### Records for this exercise
* * * * *

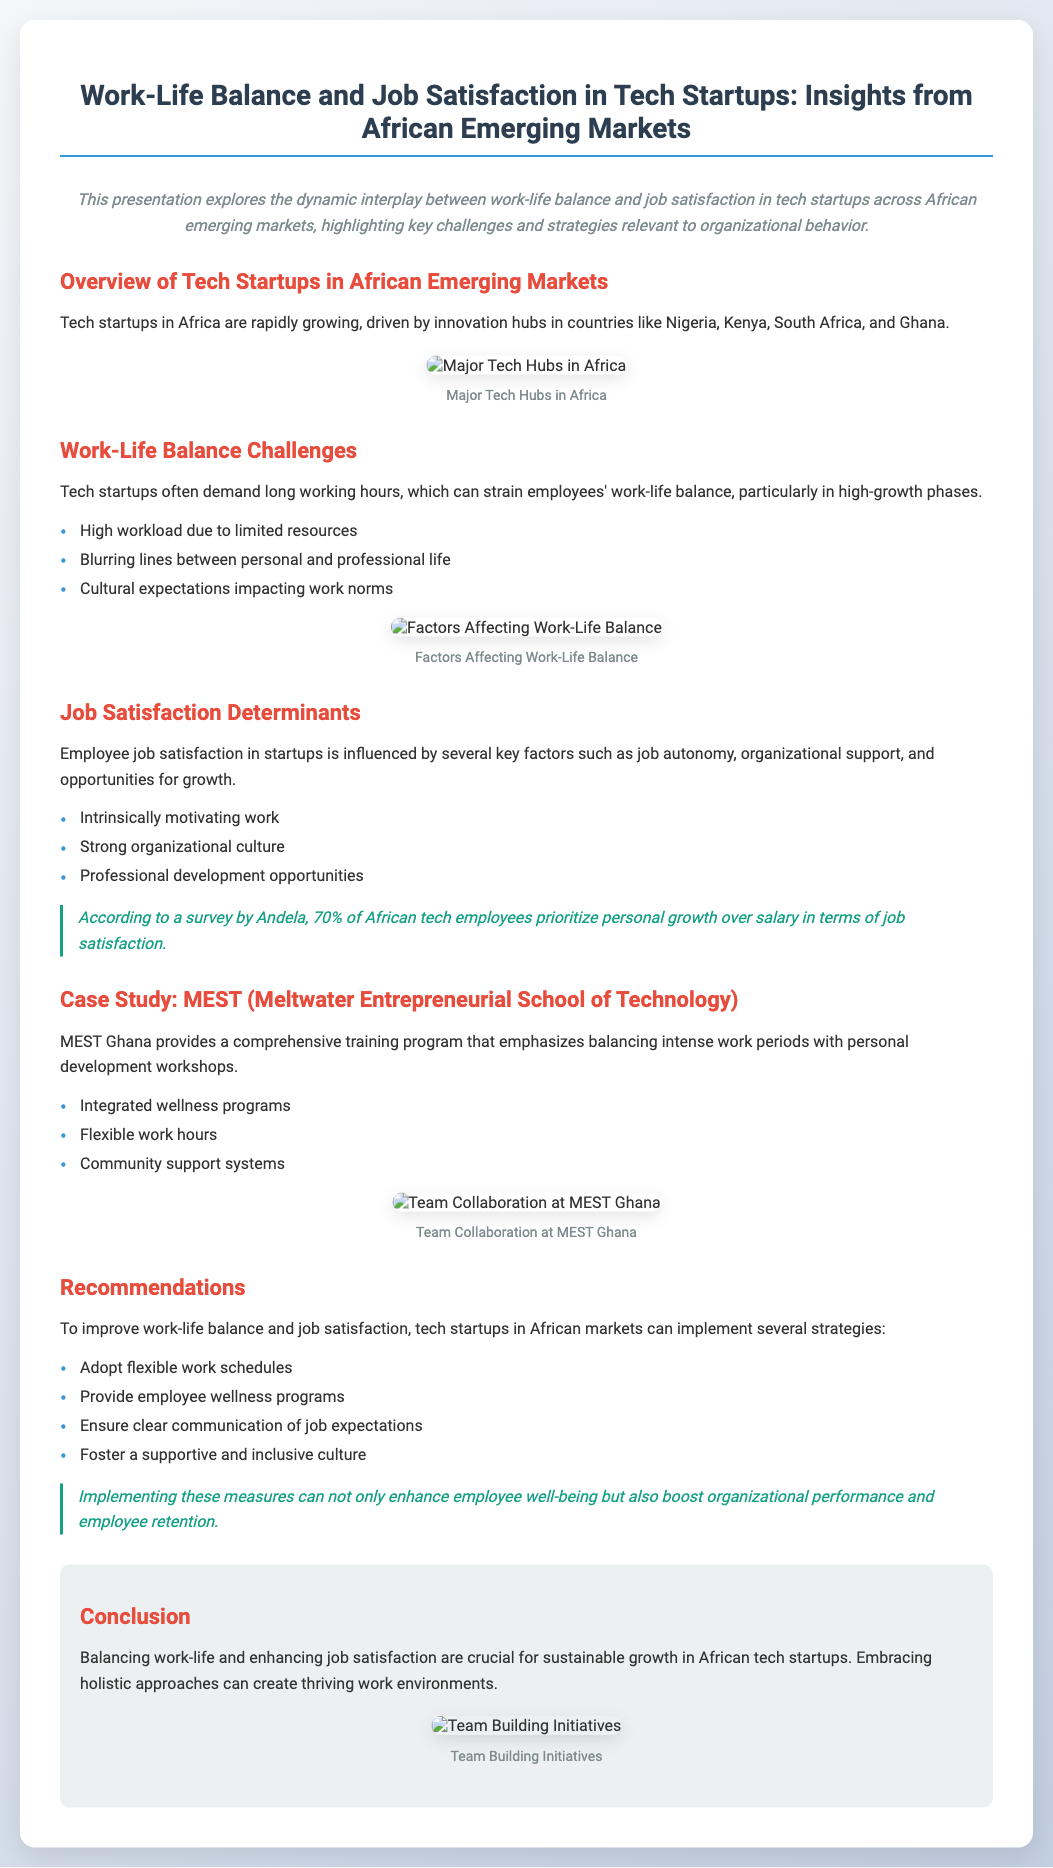What are the highlighted countries for tech startups? The countries highlighted for tech startups in Africa are Nigeria, Kenya, South Africa, and Ghana.
Answer: Nigeria, Kenya, South Africa, and Ghana What is a major work-life balance challenge? One major challenge mentioned is the blurring lines between personal and professional life.
Answer: Blurring lines between personal and professional life What percentage of African tech employees prioritize personal growth? The survey by Andela indicates that 70% of African tech employees prioritize personal growth over salary.
Answer: 70% What is a recommended strategy for tech startups? One recommended strategy is to adopt flexible work schedules.
Answer: Flexible work schedules What does the presentation conclude about work-life balance? The conclusion states that balancing work-life and enhancing job satisfaction are crucial for sustainable growth.
Answer: Crucial for sustainable growth What color is used for the main title in the slide? The main title is colored in a shade called #2c3e50.
Answer: #2c3e50 
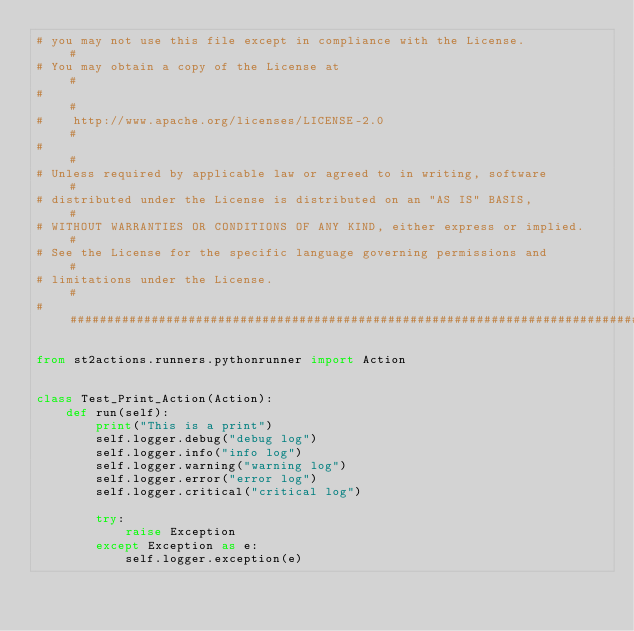<code> <loc_0><loc_0><loc_500><loc_500><_Python_># you may not use this file except in compliance with the License.           #
# You may obtain a copy of the License at                                    #
#                                                                            #
#    http://www.apache.org/licenses/LICENSE-2.0                              #
#                                                                            #
# Unless required by applicable law or agreed to in writing, software        #
# distributed under the License is distributed on an "AS IS" BASIS,          #
# WITHOUT WARRANTIES OR CONDITIONS OF ANY KIND, either express or implied.   #
# See the License for the specific language governing permissions and        #
# limitations under the License.                                             #
##############################################################################

from st2actions.runners.pythonrunner import Action


class Test_Print_Action(Action):
    def run(self):
        print("This is a print")
        self.logger.debug("debug log")
        self.logger.info("info log")
        self.logger.warning("warning log")
        self.logger.error("error log")
        self.logger.critical("critical log")

        try:
            raise Exception
        except Exception as e:
            self.logger.exception(e)
</code> 
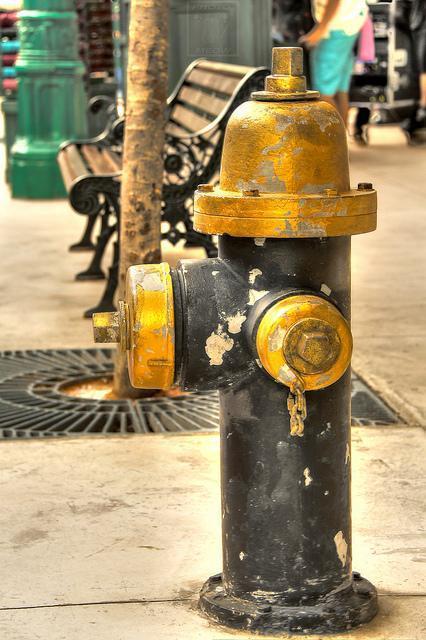How many people are there?
Give a very brief answer. 2. How many elephants have 2 people riding them?
Give a very brief answer. 0. 
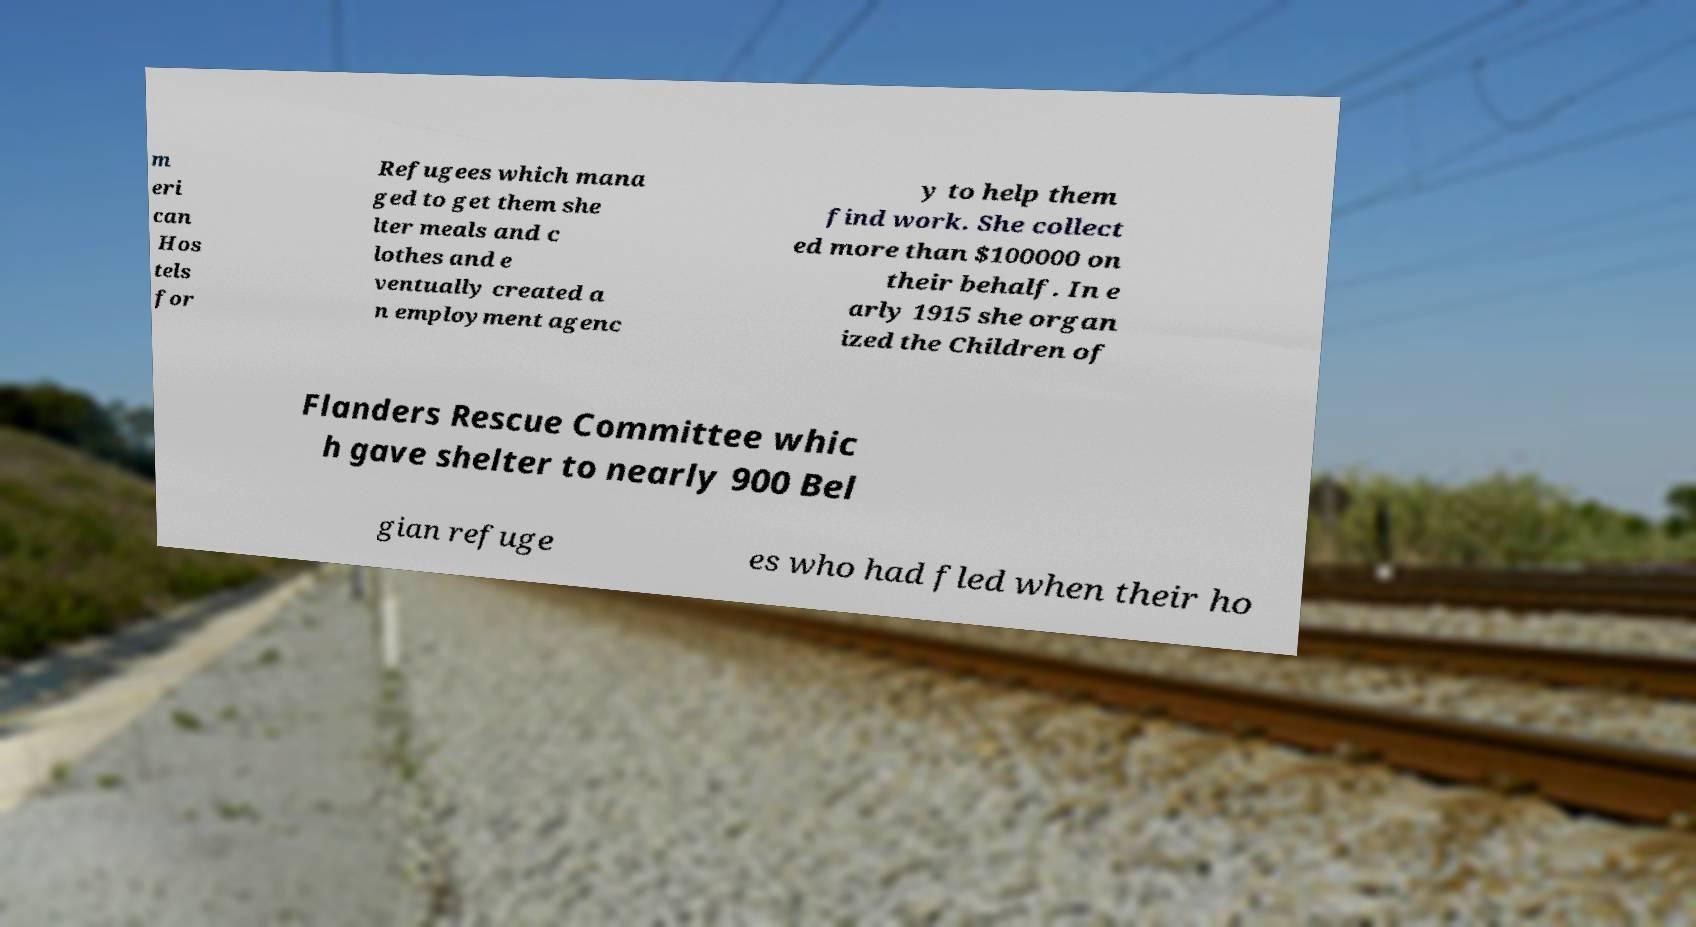Could you assist in decoding the text presented in this image and type it out clearly? m eri can Hos tels for Refugees which mana ged to get them she lter meals and c lothes and e ventually created a n employment agenc y to help them find work. She collect ed more than $100000 on their behalf. In e arly 1915 she organ ized the Children of Flanders Rescue Committee whic h gave shelter to nearly 900 Bel gian refuge es who had fled when their ho 
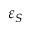Convert formula to latex. <formula><loc_0><loc_0><loc_500><loc_500>\varepsilon _ { S }</formula>

* * * * *

### Task to carry out
Extract every line containing the string "growth" from the data above.

### Exercise solution
Answer: Blurring lines between personal and professional life What percentage of African tech employees prioritize personal growth? The survey by Andela indicates that 70% of African tech employees prioritize personal growth over salary.
Answer: Flexible work schedules What does the presentation conclude about work-life balance? The conclusion states that balancing work-life and enhancing job satisfaction are crucial for sustainable growth.
Answer: Crucial for sustainable growth What color is used for the main title in the slide? The main title is colored in a shade called #2c3e50.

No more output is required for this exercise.